Eccolo qua un paese dove bisogna assolutamente andare. Andarci come testimonianza di solidarietà, ma soprattutto per ricordarsi che c'è sempre la possibilità di un riscatto. Anche per chi è stato schiacciato non dalla storia, dal mancato sviluppo, dall'isolamento in provincia, dall'essere terra di confino o di villaggi vacanza. Qui stiamo parlando di un paese che deve portare il peso di un nome, il suo. E ci sono nomi che possono schiacciare come le montagne. Il nostro paese ha nome Bastardo. Fa 1.800 abitanti, comune di Giano dell'Umbria, provincia di Perugia, regione Umbria come i più svelti avranno già intuito. Per arrivarci, venendo dall'autostrada del Sole uscite al casello Val di Chianti, se venite da nord, a Orte se venite da sud. Poi chiedete informazioni. È anche l'occasione per sperimentare direttamente sulla propria pelle il peso dei nomi. Domandate al casellante:"Scusi, che strada prendo per arrivare al paese che si chiama Bastardo?" Fatelo articolando bene le parole, perché la risposta può essere molto diversa se con eccessiva disinvoltura abbassate il finestrinoe buttate lì un semplice "Scusi Bastardo?".
Superato questo mettetevi nei panni dei tifosi della squadra di calcio quando devono affrontare una trasferta difficile. Che striscione immaginate possa far sventolare la simpatica tifoseria avversaria? "Welcome Bastards"?Oppure pensate al solito, trito rituale di frasi fatte che bisogna mandar giù sotto il militare, quando si fa conoscenza tra compagni di camerata e ci si chiede: "Tu di dove sei?"
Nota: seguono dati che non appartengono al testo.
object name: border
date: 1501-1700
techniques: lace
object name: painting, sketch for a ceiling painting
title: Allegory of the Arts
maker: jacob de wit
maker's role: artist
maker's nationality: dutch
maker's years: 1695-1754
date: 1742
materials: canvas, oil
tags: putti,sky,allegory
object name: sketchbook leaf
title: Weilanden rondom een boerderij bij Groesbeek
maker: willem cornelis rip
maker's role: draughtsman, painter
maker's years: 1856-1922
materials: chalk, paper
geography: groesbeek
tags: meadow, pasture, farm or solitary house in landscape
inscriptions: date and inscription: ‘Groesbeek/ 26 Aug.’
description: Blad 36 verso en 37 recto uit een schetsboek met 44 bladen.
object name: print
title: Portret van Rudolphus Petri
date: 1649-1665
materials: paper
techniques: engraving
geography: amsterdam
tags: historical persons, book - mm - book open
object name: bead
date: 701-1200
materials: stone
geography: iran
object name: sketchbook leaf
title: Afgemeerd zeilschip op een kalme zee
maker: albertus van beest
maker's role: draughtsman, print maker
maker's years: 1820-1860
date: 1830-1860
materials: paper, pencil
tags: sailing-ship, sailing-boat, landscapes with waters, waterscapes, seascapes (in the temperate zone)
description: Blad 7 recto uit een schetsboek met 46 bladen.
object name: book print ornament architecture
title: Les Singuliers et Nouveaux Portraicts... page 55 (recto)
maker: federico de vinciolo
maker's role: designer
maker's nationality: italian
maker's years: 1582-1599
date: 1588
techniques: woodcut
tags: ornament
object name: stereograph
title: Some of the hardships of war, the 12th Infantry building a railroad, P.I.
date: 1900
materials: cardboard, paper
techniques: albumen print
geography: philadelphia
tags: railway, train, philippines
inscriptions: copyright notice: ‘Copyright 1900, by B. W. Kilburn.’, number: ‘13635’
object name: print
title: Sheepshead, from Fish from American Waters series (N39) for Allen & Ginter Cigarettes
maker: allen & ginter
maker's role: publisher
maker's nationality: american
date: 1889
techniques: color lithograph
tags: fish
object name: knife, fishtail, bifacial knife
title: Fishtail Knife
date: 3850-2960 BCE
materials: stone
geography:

Però a Bastardo non manca niente. C'è la Banca Popolare (Sportello Bastardo), la Cassa di Risparmio, l'Istituto Professionale per il Commercio, la Zona industriale e la Zona Artigianale, la Via dell'Agricoltura e la Via dell'Arte. Bastardo ha la sua bella piazza del Mercato, due alberghie il ristorante Paradiso, specialità strangozzi ai funghi di bosco e filetto tartufato in crosta. Non manca niente per un gesto alla grande, una sferzata d'orgoglio visibile già dal cartello stradale all'ingresso del paese: "Bastardo capitale nazionale del Melting Pot". In una società che va inesorabilmente verso la mescolanza di culture, razze, DNA e cucine, Bastardo più che un nome è una garanzia.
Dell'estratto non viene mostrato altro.